◆ **Exercise brief**
Please return all lines in the listing holding the word "stroke".

◆ **The data**
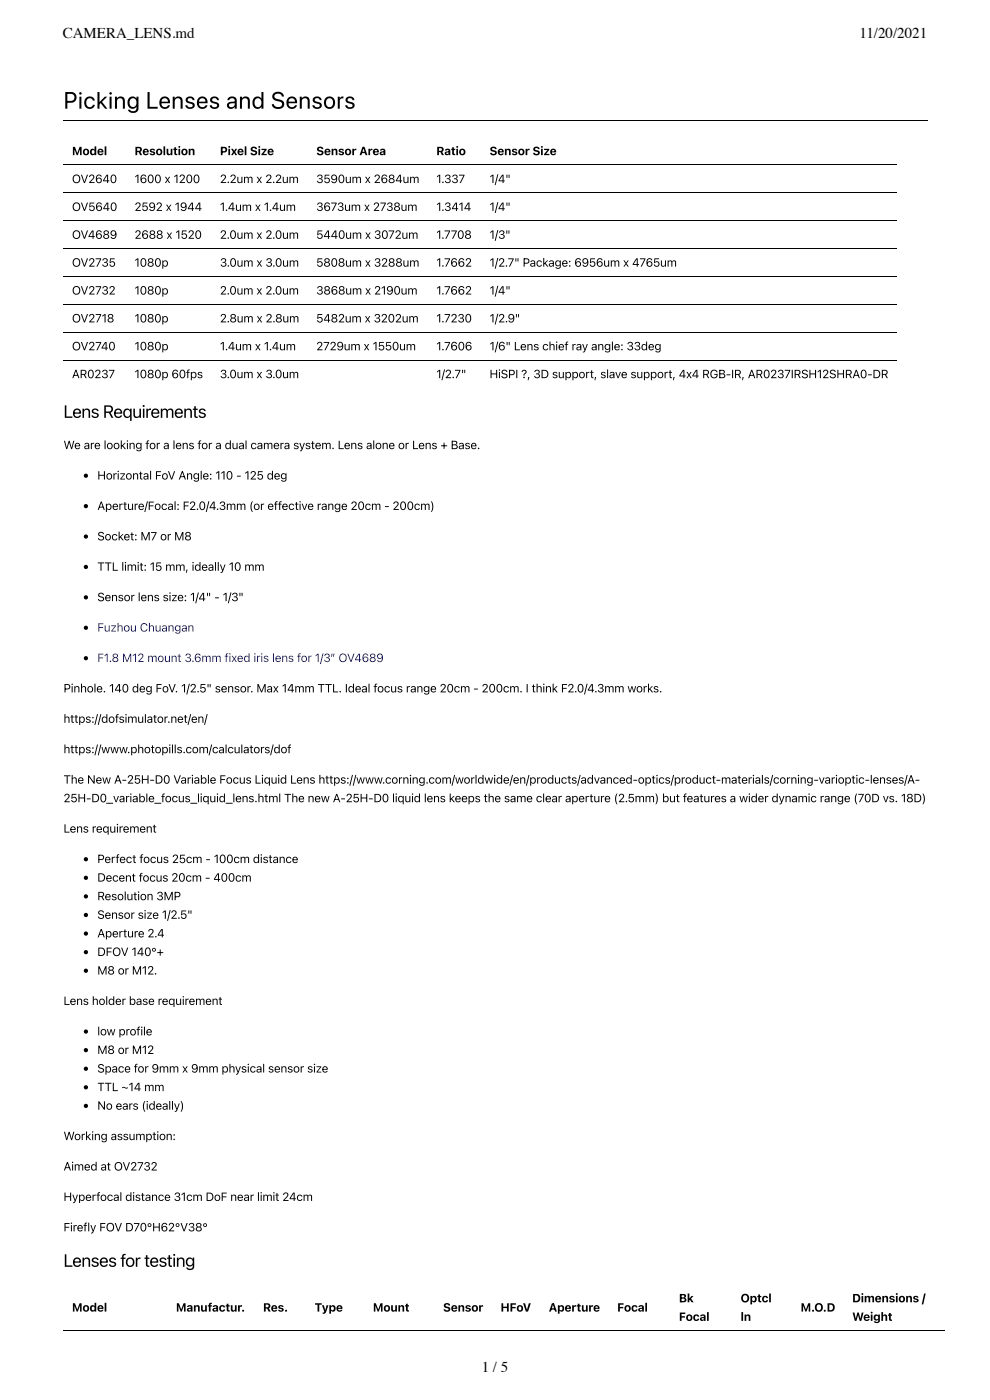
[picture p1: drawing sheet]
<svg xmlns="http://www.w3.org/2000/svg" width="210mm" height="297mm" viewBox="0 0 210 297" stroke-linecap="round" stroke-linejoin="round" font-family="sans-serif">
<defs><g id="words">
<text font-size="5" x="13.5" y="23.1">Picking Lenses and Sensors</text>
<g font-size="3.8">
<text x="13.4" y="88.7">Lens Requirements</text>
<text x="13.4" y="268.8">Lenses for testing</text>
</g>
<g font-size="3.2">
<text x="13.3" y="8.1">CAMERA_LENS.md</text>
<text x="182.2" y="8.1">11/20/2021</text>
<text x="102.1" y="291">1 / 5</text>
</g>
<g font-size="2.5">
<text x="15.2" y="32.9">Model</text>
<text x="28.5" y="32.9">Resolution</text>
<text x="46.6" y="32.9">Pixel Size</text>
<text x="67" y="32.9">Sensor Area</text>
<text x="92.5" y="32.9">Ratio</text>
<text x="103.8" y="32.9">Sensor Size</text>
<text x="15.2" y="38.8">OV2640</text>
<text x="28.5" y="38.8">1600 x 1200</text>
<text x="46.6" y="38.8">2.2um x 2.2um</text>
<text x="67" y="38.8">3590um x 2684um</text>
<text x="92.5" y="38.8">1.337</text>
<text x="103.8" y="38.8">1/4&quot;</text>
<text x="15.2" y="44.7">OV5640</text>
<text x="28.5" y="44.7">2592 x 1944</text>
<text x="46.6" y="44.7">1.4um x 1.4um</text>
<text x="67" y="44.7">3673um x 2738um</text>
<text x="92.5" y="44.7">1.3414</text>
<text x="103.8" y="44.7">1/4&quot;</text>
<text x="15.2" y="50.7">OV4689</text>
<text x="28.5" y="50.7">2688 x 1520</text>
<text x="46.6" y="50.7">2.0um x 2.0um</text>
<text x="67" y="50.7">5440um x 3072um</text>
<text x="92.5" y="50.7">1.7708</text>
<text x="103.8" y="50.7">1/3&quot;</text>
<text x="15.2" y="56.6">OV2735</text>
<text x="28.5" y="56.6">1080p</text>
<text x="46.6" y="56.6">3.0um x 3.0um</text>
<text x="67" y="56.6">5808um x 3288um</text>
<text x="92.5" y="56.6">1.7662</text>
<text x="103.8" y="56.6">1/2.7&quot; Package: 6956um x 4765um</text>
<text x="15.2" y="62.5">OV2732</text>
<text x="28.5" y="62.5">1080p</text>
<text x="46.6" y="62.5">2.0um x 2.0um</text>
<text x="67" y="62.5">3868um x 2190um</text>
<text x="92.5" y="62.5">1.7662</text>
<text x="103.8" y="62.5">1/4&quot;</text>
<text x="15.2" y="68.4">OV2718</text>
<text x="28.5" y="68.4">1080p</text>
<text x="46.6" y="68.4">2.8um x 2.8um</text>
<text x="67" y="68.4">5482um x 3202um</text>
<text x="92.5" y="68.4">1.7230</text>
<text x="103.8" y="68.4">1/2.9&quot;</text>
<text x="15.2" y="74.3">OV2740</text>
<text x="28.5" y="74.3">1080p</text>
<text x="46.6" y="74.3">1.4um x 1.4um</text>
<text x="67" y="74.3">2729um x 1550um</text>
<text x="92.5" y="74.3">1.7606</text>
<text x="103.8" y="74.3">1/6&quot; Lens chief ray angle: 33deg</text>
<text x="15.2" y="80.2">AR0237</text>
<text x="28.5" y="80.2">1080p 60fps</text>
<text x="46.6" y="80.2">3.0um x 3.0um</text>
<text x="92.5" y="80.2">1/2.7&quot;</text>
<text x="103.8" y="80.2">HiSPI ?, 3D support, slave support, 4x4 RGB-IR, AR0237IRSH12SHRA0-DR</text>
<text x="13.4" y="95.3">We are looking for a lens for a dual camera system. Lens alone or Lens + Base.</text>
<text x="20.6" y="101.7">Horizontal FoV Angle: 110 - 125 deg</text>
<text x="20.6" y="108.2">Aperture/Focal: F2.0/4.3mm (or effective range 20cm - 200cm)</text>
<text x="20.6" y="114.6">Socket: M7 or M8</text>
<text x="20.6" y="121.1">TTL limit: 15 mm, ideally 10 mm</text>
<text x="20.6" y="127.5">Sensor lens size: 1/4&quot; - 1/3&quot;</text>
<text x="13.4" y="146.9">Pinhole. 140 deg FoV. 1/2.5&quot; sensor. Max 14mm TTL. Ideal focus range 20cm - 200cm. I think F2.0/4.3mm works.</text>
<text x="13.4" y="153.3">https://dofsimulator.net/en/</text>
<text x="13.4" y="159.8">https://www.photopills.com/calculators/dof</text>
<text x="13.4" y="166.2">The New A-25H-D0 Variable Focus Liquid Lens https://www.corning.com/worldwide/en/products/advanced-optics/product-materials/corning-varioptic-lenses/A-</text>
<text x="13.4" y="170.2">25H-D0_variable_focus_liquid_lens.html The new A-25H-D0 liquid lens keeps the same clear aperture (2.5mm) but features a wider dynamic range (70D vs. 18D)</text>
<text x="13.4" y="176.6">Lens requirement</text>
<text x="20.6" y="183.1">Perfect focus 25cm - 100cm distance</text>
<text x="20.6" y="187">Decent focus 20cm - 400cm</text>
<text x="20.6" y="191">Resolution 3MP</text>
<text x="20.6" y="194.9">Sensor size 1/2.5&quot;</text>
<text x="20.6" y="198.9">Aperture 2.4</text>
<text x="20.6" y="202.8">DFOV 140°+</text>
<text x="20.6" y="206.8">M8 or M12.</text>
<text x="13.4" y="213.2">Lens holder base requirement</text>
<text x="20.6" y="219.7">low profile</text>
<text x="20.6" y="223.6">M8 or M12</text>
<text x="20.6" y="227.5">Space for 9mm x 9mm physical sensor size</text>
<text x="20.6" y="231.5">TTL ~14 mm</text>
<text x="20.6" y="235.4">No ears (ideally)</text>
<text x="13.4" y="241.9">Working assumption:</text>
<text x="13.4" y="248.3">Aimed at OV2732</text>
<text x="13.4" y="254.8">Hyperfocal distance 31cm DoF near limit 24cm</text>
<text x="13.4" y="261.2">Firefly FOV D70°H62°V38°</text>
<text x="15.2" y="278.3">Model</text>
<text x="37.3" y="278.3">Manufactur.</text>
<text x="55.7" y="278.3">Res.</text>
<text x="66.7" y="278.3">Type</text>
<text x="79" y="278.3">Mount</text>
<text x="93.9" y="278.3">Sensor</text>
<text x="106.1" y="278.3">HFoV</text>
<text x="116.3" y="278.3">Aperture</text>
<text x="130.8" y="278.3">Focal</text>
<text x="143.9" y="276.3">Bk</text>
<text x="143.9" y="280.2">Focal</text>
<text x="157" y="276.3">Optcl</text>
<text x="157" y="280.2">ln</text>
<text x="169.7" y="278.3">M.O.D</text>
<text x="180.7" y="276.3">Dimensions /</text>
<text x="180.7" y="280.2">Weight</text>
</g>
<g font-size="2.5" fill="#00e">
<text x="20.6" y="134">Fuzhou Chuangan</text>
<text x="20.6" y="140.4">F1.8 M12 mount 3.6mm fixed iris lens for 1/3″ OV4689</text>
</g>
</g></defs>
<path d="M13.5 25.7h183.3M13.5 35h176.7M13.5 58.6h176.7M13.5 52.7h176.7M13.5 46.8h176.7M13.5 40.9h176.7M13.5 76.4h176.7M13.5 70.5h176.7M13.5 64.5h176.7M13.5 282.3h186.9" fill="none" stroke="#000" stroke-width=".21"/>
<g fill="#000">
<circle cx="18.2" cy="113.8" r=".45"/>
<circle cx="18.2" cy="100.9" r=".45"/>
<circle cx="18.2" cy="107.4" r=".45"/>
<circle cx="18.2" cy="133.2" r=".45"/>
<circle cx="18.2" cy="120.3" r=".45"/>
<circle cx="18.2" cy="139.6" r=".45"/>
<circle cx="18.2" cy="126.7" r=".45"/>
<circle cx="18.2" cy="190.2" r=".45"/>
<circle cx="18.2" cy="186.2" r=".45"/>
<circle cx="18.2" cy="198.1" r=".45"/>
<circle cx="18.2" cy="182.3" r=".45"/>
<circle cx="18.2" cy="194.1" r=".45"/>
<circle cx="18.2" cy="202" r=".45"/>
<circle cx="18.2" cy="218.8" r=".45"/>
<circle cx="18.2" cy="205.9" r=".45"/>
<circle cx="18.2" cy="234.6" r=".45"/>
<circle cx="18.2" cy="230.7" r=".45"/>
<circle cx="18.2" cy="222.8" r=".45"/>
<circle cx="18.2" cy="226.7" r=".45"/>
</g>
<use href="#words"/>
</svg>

◆ **Solution to this task**
<svg xmlns="http://www.w3.org/2000/svg" width="210mm" height="297mm" viewBox="0 0 210 297" stroke-linecap="round" stroke-linejoin="round" font-family="sans-serif">
<path d="M13.5 25.7h183.3M13.5 35h176.7M13.5 58.6h176.7M13.5 52.7h176.7M13.5 46.8h176.7M13.5 40.9h176.7M13.5 76.4h176.7M13.5 70.5h176.7M13.5 64.5h176.7M13.5 282.3h186.9" fill="none" stroke="#000" stroke-width=".21"/>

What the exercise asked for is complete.